Örneğin bu konuyla ilgili bir roman yazacak olsak şu şekilde olabilirdi;
“Çok soğuk bir gündü. Etraftan gelen rüzgar sesleri birbirine karışıyor ve birbirine çarpan eşyaların oluşturduğu ses armonisi içini ürpertiyordu. O kadar çok ürpertiyordu ki istemsizce o geceyi hatırladı. Onunla tanıştığı geceyi…
On sene öncesinin ılık bir ilkbahar gecesiydi. Hakikaten bu kadar zaman nasıl geçmişti, bilemiyordu. Sanki bu karşılaşmayı önceden hissediyormuş gibi garip bir enerji hissi vardı içinde. Sanki kainatın ona birşey anlatma şekliydi bu… bütün bunları sonradan anlamlandırmaya çalışacaktı. Zaten içinde saklı olan dipsiz evren merakı bu karşılaşmadan sonra daha da artmıştı.

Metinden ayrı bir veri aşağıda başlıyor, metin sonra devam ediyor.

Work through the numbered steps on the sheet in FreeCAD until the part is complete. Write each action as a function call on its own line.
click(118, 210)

Evet bu anımsama içini ısıtıyordu ve bir o kadar da ürpertiyordu. Tekrar tekrardan. Şanslı mıydı yoksa şanssız mı? Artık kestiremiyordu. Hayat hem çok zalim hem de fırsatlarla dolu olabiliyordu. Aşık olmak, aşık olmakla mı ilgiliydi, yoksa aşık olmak istemekle mi? Sorular, sorular… kafasında dönüp dolaşan soruları vardı her zaman her yere onunla birlikte gelen. O, bilgiye açtı ve anlamak istiyordu.”

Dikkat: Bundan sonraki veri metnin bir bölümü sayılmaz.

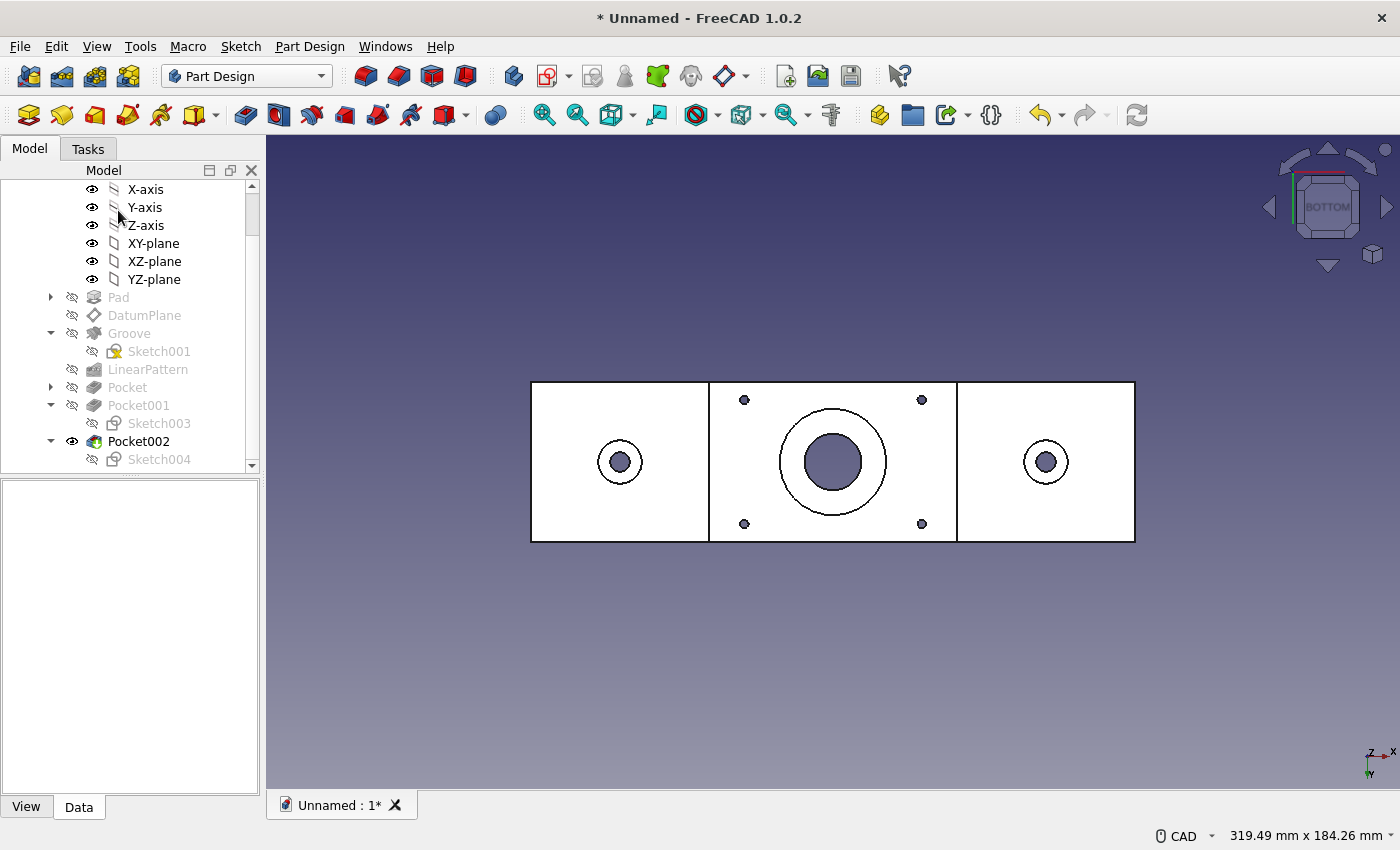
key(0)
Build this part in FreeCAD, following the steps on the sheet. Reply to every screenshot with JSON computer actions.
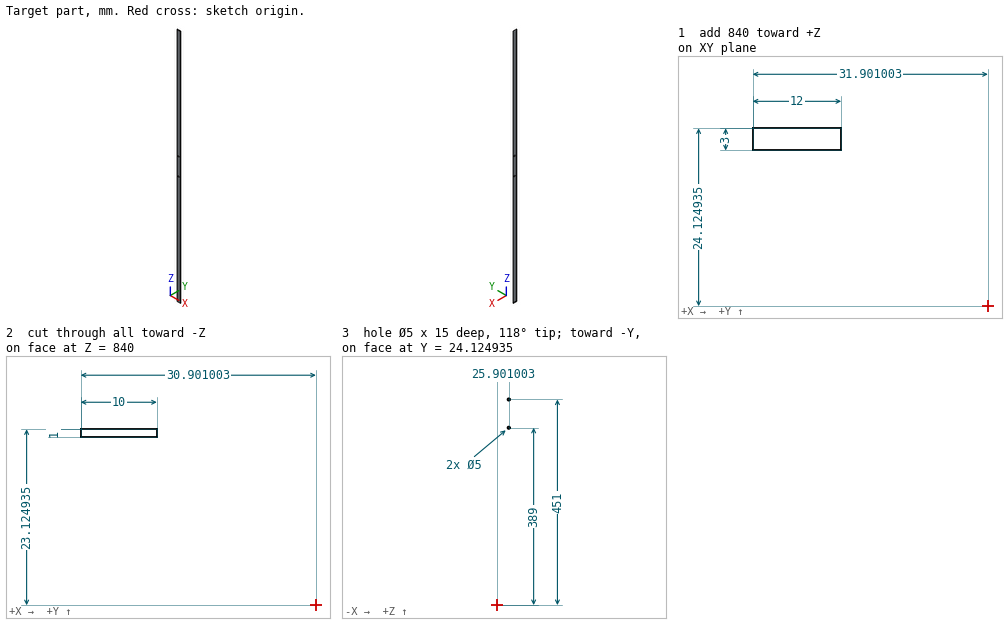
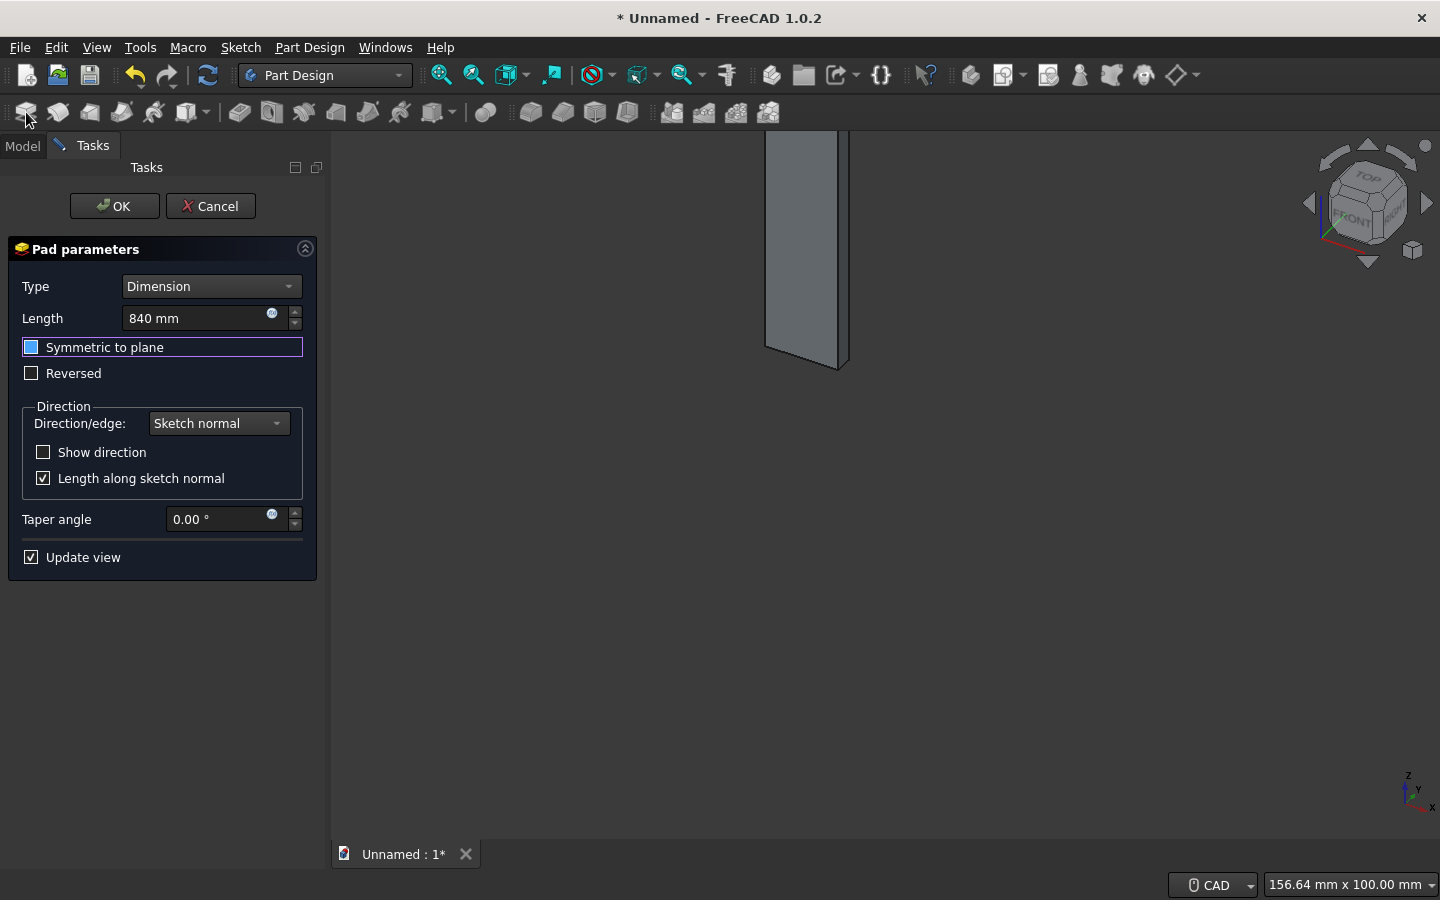
{"action": "left_click", "coordinate": [115, 206]}

İşte aynen de böyle bir şey, ruh ikiziyle karşılaşmak. Ancak size şunu söylemeliyim: Siz ruh ikizinizle birlikte olmak için karşılaşmadınız. Ona mutluluklar dileyin ve yolunuza devam edin. Çünkü onun mutluluğu sizin mutluluğunuz ve onun üzüntüsü sizin üzüntünüz. Yapmanız gereken tek şey, ona sevginizi göndermek ve teşekkür etmektir. Kendinizi madur durumda da sakın hissetmeyin. Unutmayın o da sizin kadar üzüldü.
Evet tek yapmanız gereken budur çünkü, oralarda bir yerlerde sizi bekleyen ve sizi çok mutlu edecek bir ruh eşiniz var. Onu bulun ve mutluluğu deneyimleyin. O sizi seviyor ve hayatı paylaşmaya hazır… siz de onu seviyorsunuz. Bu sevgi eşsiz ve huzur dolu, tadını çıkarın.
Ne demiş sevgili Mevlana: Hamdım, piştim, yandım.